_Work required_
Could you reproduce every record below exactly, excluding all pictures?

★ ★ ★ ★ ★ ★ ★

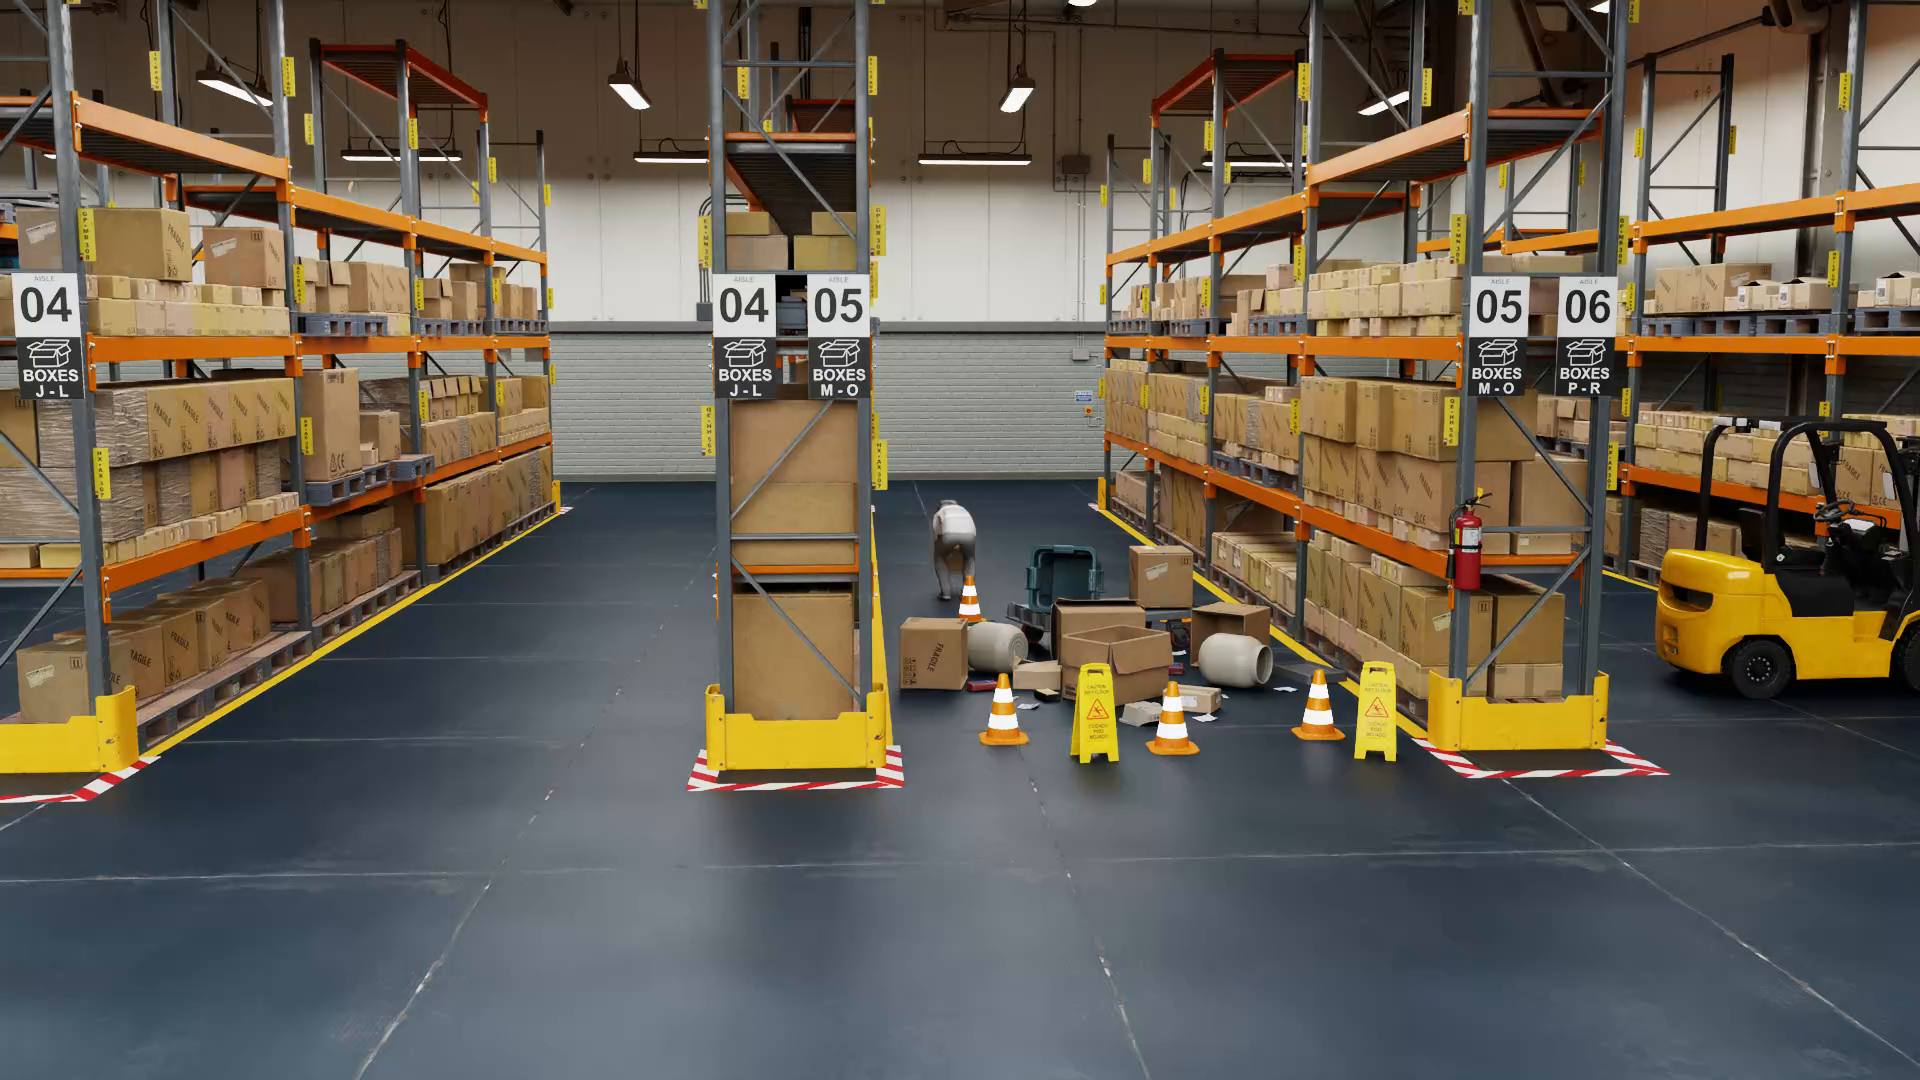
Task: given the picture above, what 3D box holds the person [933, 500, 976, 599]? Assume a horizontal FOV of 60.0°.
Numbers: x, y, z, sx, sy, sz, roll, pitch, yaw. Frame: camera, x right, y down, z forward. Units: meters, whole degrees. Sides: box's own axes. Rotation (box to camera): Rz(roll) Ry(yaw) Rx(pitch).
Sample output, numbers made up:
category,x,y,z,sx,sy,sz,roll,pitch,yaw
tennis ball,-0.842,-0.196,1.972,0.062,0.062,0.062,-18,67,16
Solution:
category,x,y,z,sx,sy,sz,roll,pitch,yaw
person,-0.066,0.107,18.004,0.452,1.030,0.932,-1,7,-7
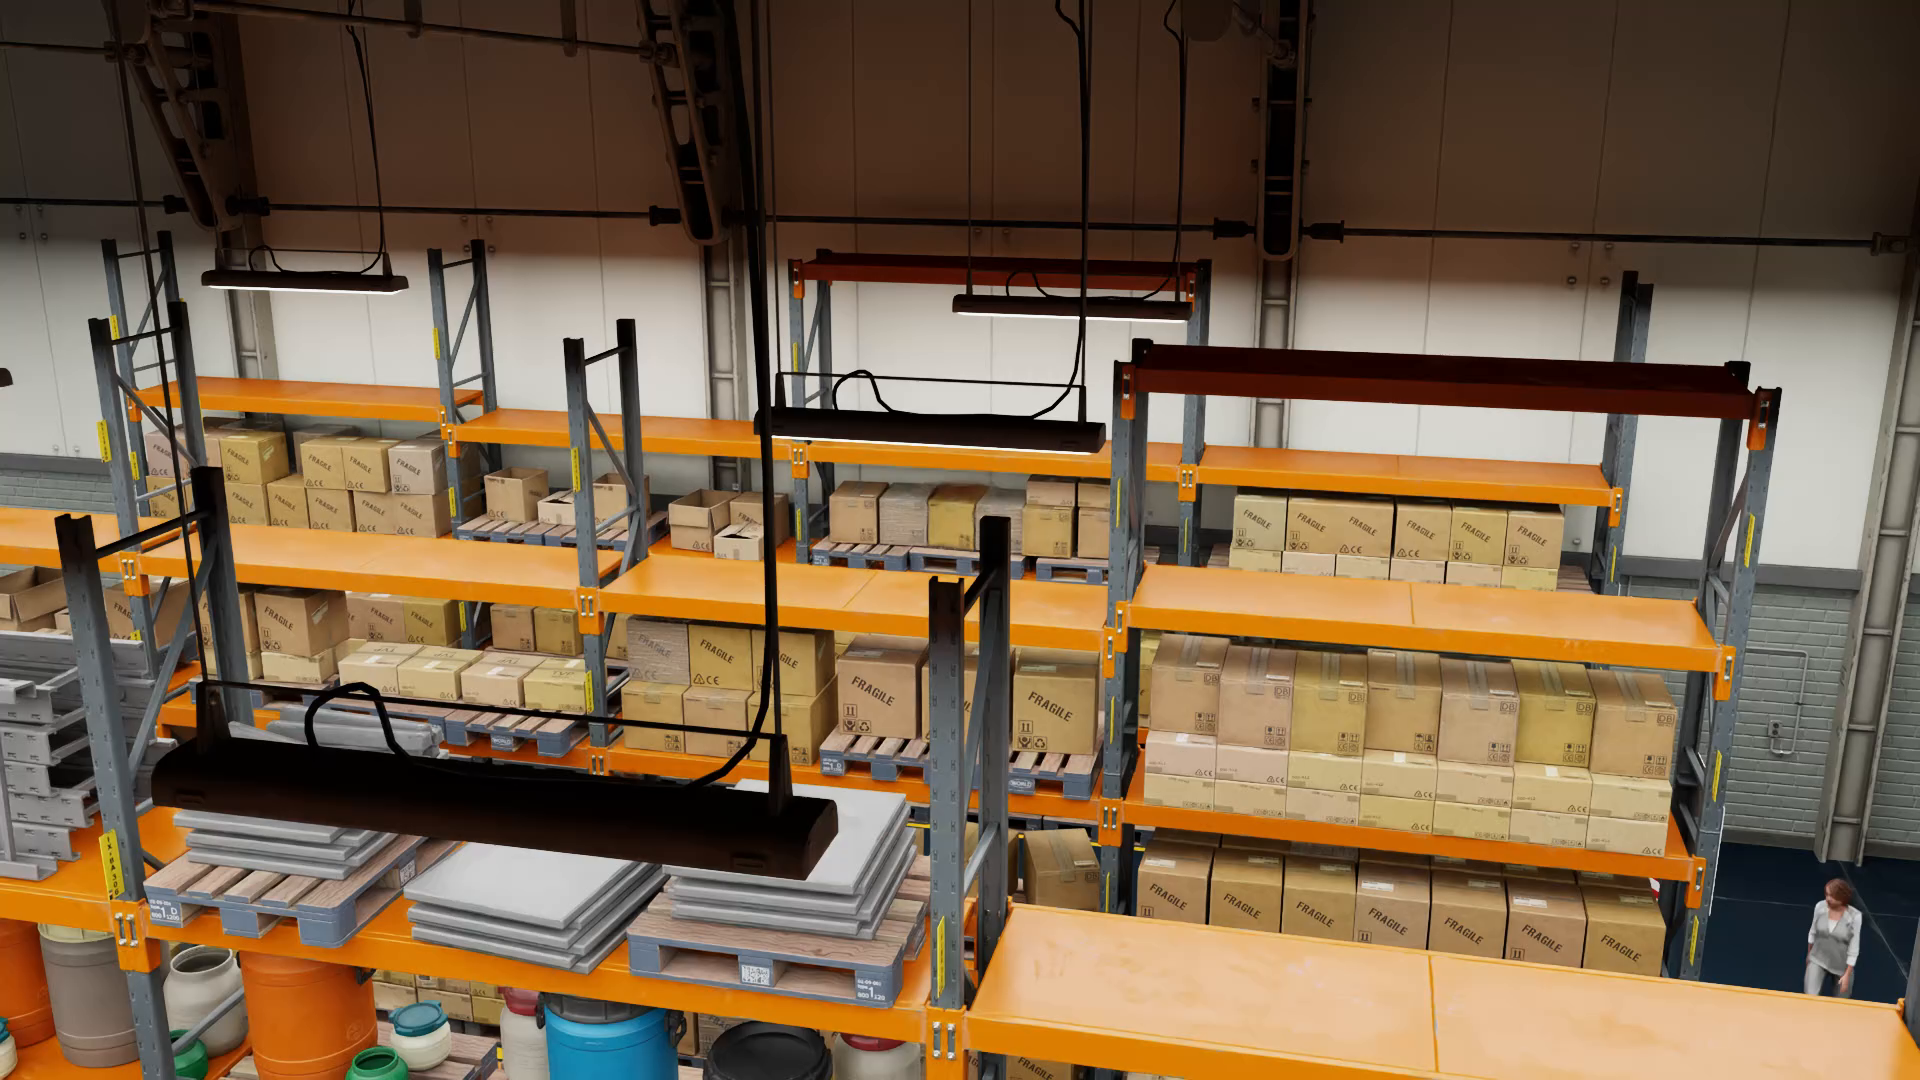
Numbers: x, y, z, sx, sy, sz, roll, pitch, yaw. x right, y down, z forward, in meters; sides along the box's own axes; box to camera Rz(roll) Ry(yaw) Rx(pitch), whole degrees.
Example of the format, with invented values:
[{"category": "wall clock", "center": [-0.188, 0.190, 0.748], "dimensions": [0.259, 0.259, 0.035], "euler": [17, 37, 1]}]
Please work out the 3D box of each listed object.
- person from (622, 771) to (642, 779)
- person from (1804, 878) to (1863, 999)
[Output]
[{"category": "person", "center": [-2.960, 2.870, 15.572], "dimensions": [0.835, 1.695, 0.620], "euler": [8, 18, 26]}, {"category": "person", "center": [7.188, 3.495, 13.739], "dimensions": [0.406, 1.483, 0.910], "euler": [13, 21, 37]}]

★ ★ ★ ★ ★ ★ ★

_Problem solution_
Task: given the picture above, what 3D box holds the person [933, 500, 976, 599]? Assume a horizontal FOV of 60.0°.
Numbers: x, y, z, sx, sy, sz, roll, pitch, yaw. Frame: camera, x right, y down, z forward. Units: meters, whole degrees. Sides: box's own axes. Rotation (box to camera): Rz(roll) Ry(yaw) Rx(pitch).
Sample output, numbers made up:
category,x,y,z,sx,sy,sz,roll,pitch,yaw
tennis ball,-0.842,-0.196,1.972,0.062,0.062,0.062,-18,67,16
Solution:
category,x,y,z,sx,sy,sz,roll,pitch,yaw
person,-0.066,0.107,18.004,0.452,1.030,0.932,-1,7,-7
Numbers: x, y, z, sx, sy, sz, roll, pitch, yaw. x right, y down, z forward, in meters; sides along the box's own axes; box to camera Rz(roll) Ry(yaw) Rx(pitch), whole degrees.
Example of the format, with invented values:
[{"category": "wall clock", "center": [-0.188, 0.190, 0.748], "dimensions": [0.259, 0.259, 0.035], "euler": [17, 37, 1]}]
Please work out the 3D box of each listed object.
- person from (622, 771) to (642, 779)
- person from (1804, 878) to (1863, 999)
[Output]
[{"category": "person", "center": [-2.960, 2.870, 15.572], "dimensions": [0.835, 1.695, 0.620], "euler": [8, 18, 26]}, {"category": "person", "center": [7.188, 3.495, 13.739], "dimensions": [0.406, 1.483, 0.910], "euler": [13, 21, 37]}]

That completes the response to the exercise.